Playgroups are a desperately under-researched area of early childhood education but Professor Susan Edwards and Dr Karen McLean from ACU’s Learning Sciences Institute Australia (LSIA) are helping to change that.
Playgroups are an engaging way for children to practice getting along with others and trying new ways to play. They’re great for mums, dads, grandparents and caregivers too; offering support and social contact.
The funding comes from a highly-coveted Australian Research Council (ARC) Linkage grant, for which fewer than 40 per cent of applications were successful in this round.
Industry partner Playgroup Victoria is providing funding and in-kind support for the research to the tune of $180,000. The organisation has collaborated with ACU on four separate projects over the last five years to break new ground in understanding the nature of playgroups.
Demand for support on playgroups-in-schools within Victoria alone has quadrupled within a six-month period and, through their newly-funded research, Professor Edwards and Dr McLean are working to build a best practice framework for playgroups-in-schools, increasing capacity to advise school-leaders on key policy and practice issues.
The research project’s vision is to introduce Australian families to school communities early, and build parents’ knowledge, skills and confidence in providing their young children with play-experiences, leading to better learning and developmental outcomes for kids as they progress through the education system.
LSIA Director Professor Claire Wyatt-Smith said this was a fantastic result for Professor Edwards, Dr McLean and the institute.

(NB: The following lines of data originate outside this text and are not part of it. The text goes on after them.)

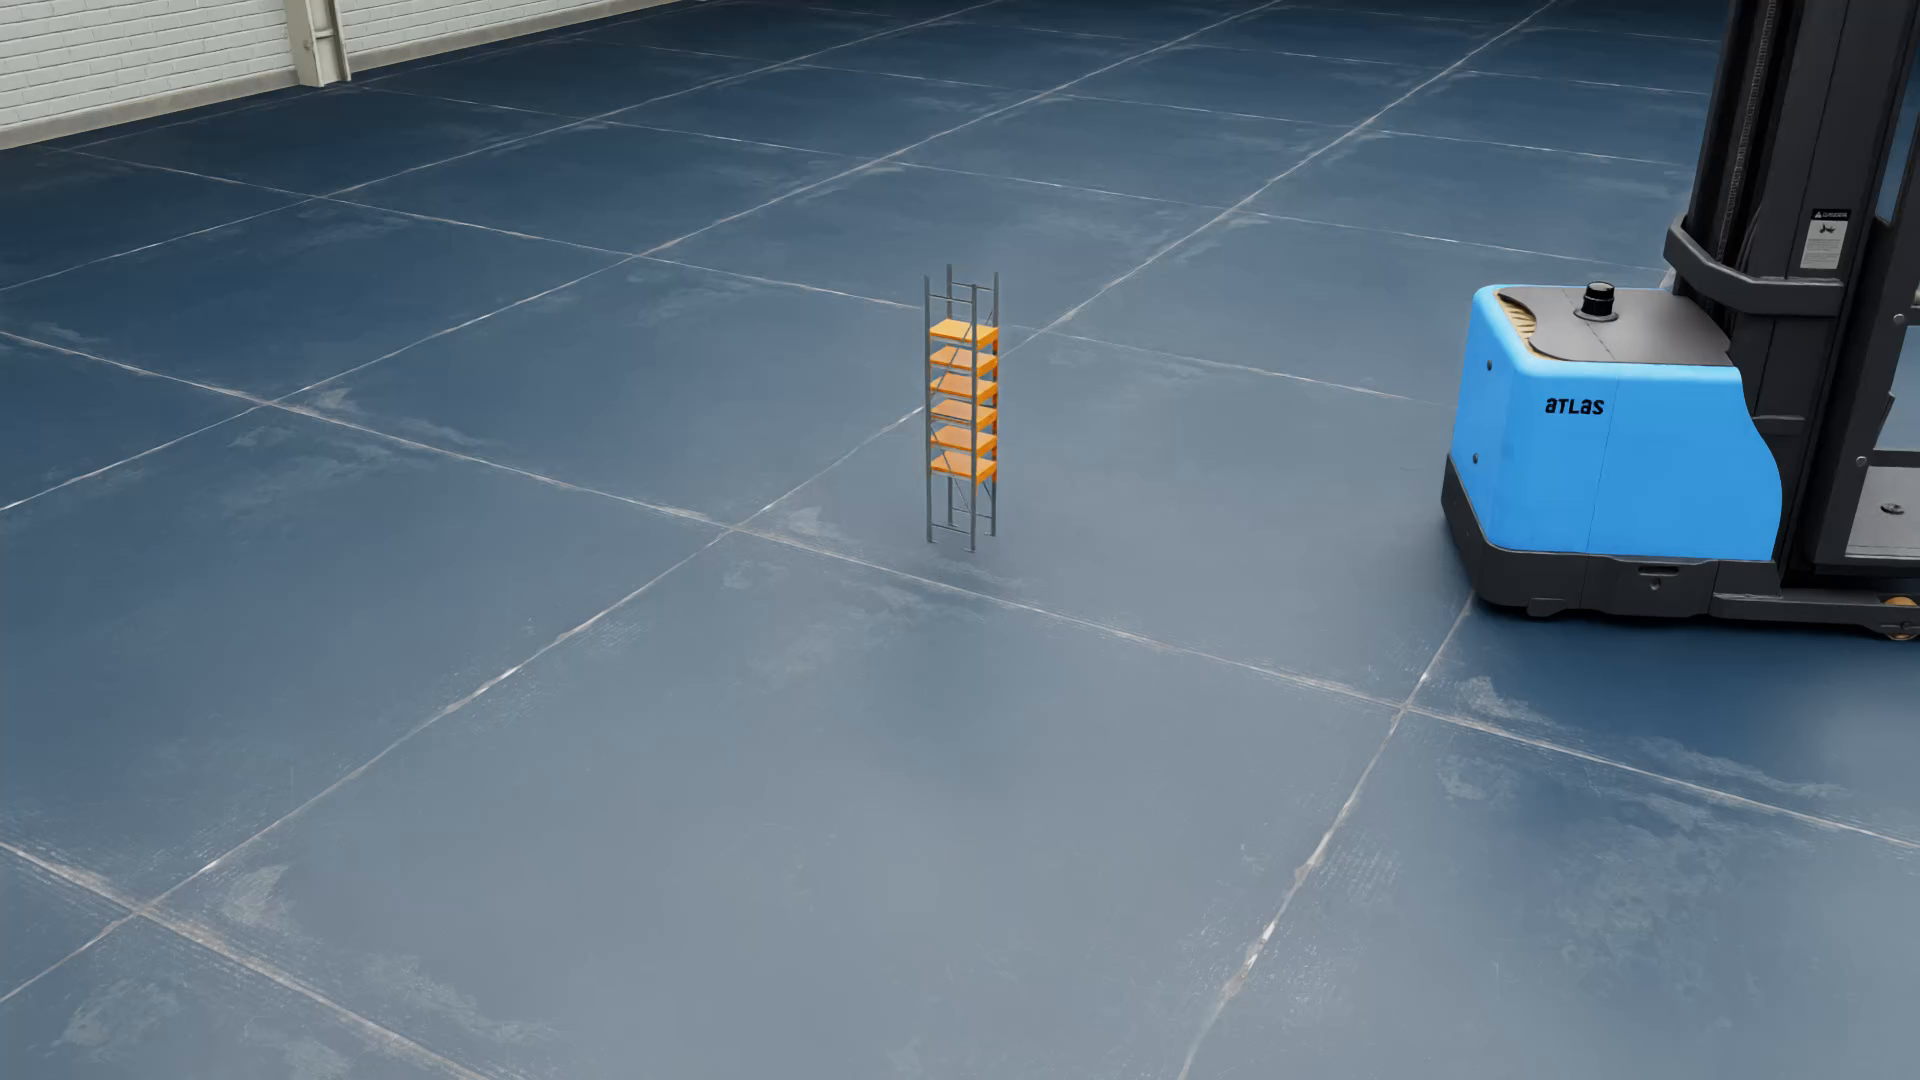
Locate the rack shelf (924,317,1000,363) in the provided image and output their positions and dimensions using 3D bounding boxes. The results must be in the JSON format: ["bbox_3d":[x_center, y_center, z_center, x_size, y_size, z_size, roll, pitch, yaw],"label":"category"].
[{"bbox_3d":[0.007,-0.824,6.851,0.258,0.103,0.180,14,30,26],"label":"rack shelf"}]

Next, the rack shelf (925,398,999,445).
[{"bbox_3d":[0.007,-0.502,7.013,0.258,0.103,0.180,14,30,26],"label":"rack shelf"}]

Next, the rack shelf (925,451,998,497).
[{"bbox_3d":[0.007,-0.288,7.120,0.258,0.103,0.180,14,30,26],"label":"rack shelf"}]

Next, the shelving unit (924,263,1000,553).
[{"bbox_3d":[0.007,-0.542,6.993,0.258,1.200,0.189,14,30,26],"label":"shelving unit"}]

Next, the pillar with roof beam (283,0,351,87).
[{"bbox_3d":[-2.410,-7.515,12.210,9.100,9.000,0.400,14,30,26],"label":"pillar with roof beam"}]

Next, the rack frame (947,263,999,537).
[{"bbox_3d":[0.052,-0.578,7.064,0.240,1.200,0.006,14,30,26],"label":"rack frame"}]

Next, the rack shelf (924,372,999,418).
[{"bbox_3d":[0.007,-0.610,6.959,0.258,0.103,0.180,14,30,26],"label":"rack shelf"}]

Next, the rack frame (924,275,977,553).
[{"bbox_3d":[-0.038,-0.507,6.921,0.240,1.200,0.006,14,30,26],"label":"rack frame"}]

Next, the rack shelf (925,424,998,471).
[{"bbox_3d":[0.007,-0.395,7.066,0.258,0.103,0.180,14,30,26],"label":"rack shelf"}]

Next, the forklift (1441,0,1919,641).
[{"bbox_3d":[3.615,-1.161,6.295,3.031,2.935,1.130,2,27,5],"label":"forklift"}]

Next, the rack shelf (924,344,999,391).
[{"bbox_3d":[0.007,-0.717,6.905,0.258,0.103,0.180,14,30,26],"label":"rack shelf"}]

“This shows the value of their work and is powerful recognition of the fact that our research is making an impact on businesses and the community,” Professor Wyatt-Smith said.
The ARC Linkage Projects scheme is designed to promote links between universities, industry and the community.
Projects must involve a partner organisation outside the higher education sector and these partners are required to make a significant monetary contribution, in addition to ARC funding.